The Russian ruble has been declining steadily and reached a 17-month low this week, tumbling past 100 rubles to the U.S. dollar. This gives the ruble less value than a single American cent and represents a loss of nearly 40% of its value since the beginning of the year. The ruble immediately plunged following Russia's invasion of Ukraine in February 2022. It saw an uptick at the end of that year but has been falling ever since.
This can mostly be attributed to Western countries continuing to shun Russian production throughout 2023. Russia is "selling less abroad — mainly reflected in falling revenue from oil and natural gas — and it's importing more," The Associated Press reported. This has resulted in companies and business owners "selling rubles for foreign currency like dollars or euros. That lowers the ruble's exchange rate."
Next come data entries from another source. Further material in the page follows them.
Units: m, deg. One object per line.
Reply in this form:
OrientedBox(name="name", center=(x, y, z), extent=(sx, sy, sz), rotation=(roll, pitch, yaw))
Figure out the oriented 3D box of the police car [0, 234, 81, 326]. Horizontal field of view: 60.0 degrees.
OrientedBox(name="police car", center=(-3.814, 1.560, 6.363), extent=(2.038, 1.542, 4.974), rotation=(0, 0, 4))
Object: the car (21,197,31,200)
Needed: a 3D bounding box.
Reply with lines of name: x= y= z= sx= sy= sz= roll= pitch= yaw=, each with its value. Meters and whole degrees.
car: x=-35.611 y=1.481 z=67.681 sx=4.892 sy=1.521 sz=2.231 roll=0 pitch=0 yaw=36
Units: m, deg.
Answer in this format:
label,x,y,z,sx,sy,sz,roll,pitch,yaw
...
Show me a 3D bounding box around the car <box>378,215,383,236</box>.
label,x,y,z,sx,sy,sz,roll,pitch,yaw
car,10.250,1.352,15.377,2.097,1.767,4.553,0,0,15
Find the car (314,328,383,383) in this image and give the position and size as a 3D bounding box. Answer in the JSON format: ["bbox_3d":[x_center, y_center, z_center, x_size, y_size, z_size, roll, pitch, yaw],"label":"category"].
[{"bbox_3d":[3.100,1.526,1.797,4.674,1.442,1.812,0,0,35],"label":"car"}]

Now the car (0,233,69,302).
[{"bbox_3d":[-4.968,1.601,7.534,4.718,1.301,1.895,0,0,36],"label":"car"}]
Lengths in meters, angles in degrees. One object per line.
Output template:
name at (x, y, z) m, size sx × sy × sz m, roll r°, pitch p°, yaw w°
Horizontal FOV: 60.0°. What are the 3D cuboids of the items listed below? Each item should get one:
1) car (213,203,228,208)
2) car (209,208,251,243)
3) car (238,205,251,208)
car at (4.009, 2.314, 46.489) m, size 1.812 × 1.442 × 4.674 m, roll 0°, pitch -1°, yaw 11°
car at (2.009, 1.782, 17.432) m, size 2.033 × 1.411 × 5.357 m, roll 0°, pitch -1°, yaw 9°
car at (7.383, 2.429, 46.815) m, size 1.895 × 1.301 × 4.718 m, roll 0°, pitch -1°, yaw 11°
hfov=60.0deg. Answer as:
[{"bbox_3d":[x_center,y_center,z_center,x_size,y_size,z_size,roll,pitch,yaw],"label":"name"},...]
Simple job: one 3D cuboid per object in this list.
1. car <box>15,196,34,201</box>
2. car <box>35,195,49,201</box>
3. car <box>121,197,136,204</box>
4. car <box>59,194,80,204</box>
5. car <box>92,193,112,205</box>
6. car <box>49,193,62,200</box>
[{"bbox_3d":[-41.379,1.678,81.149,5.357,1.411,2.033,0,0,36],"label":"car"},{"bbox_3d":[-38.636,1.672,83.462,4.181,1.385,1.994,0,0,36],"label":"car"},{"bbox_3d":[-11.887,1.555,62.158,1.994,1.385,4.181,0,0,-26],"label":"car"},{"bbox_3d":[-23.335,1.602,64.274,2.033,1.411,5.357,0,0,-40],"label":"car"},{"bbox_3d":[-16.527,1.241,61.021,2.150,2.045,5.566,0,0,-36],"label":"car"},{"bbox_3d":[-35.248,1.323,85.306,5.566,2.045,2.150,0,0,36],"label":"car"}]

Russia's central bank has been hiking interest rates in a futile attempt to salvage the ruble, and bank officials said they do "not see any risks to the country's financial stability," an opinion mirrored by Russian President Vladimir Putin. However, while Russia's economy is undoubtedly damaged, the biggest question may be what happens in Ukraine. Will the collapse of the ruble be the final blow to Russia's war of aggression? Or will the Russian economy be able to hold out and continue funding the invasion?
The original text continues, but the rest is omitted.